Options for deform_conv2d_onnx_exporter.register_deform_conv2d_onnx_op()

You can specify 2 options for this function.

  • use_gathernd:
    If True, use GatherND operator. Otherwise, use GatherElements operator.
  • enable_openvino_patch:
    If True, enable patch for OpenVINO.

Referenced paper

This module implements Deformable Convolution v2, described in a paper, "Deformable ConvNets v2: More Deformable, Better Results", using ONNX operators.

Some of the variable names in the module, such as p and p_0, are based on the paper.

Memory layout of offset

The detail of deform_conv2d implementation in PyTorch is not fully documented.
Therefore, I investigated the implementation to understand memory layout of some variables, such as offset.

  • offset
    The shape is (batch, 2 * group * kernel_h * kernel_w, out_h, out_w) according to the reference.
    The internal memory layout of 2 * group * kernel_h * kernel_w is not clear.
    According to the source code, it seems to be (batch, group, kernel_h, kernel_w, 2, out_h, out_w).
    The size 2 means "y-coords and x-coords".

Padding of input

Even if padding is set to 0, this module adds at least 1 padding internally.
This is necessary to handle out-of-bounds offset appropriately.

Performance

To be honest, the performance is not so good because the current version of ONNX, version 15, does not support deform_conv2d natively.
Therefore, this module implements it using GatherND and other operators.
As a result, the performance is not so good, but good enough for me.
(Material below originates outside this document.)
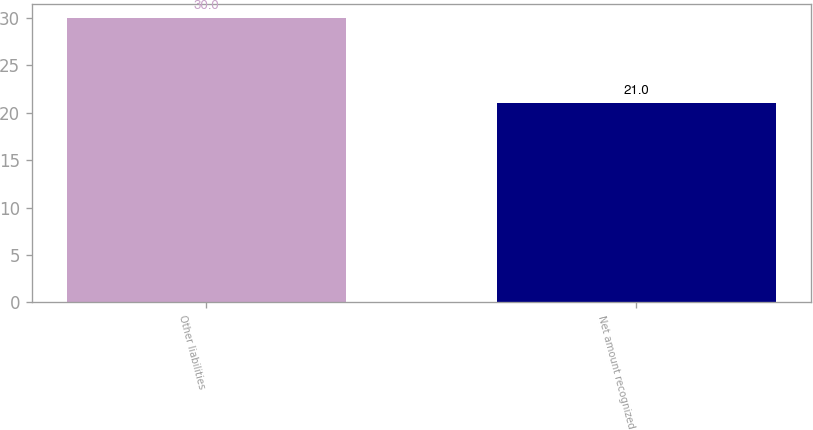Convert chart. <chart><loc_0><loc_0><loc_500><loc_500><bar_chart><fcel>Other liabilities<fcel>Net amount recognized<nl><fcel>30<fcel>21<nl></chart>

Of course, I implemented this module carefully to reduce unnecessary or duplicated calculations.

Opset version

Version 12 or later is required because of the following reasons:

  • Clip:
    Version 12 and later supports Clip operaetor for tensor(int64). This module uses it.
  • GatherND:
    Versoin 12 and later supports GatherND operator with batch_dims attribute. This module also uses it.

License

You can use this module under the MIT License.

Copyright 2021 Masamitsu MURASE

Permission is hereby granted, free of charge, to any person obtaining a copy of this software and associated documentation files (the "Software"), to deal in the Software without restriction, including without limitation the rights to use, copy, modify, merge, publish, distribute, sublicense, and/or sell copies of the Software, and to permit persons to whom the Software is furnished to do so, subject to the following conditions:

The above copyright notice and this permission notice shall be included in all copies or substantial portions of the Software.

THE SOFTWARE IS PROVIDED "AS IS", WITHOUT WARRANTY OF ANY KIND, EXPRESS OR IMPLIED, INCLUDING BUT NOT LIMITED TO THE WARRANTIES OF MERCHANTABILITY, FITNESS FOR A PARTICULAR PURPOSE AND NONINFRINGEMENT. IN NO EVENT SHALL THE AUTHORS OR COPYRIGHT HOLDERS BE LIABLE FOR ANY CLAIM, DAMAGES OR OTHER LIABILITY, WHETHER IN AN ACTION OF CONTRACT, TORT OR OTHERWISE, ARISING FROM, OUT OF OR IN CONNECTION WITH THE SOFTWARE OR THE USE OR OTHER DEALINGS IN THE SOFTWARE.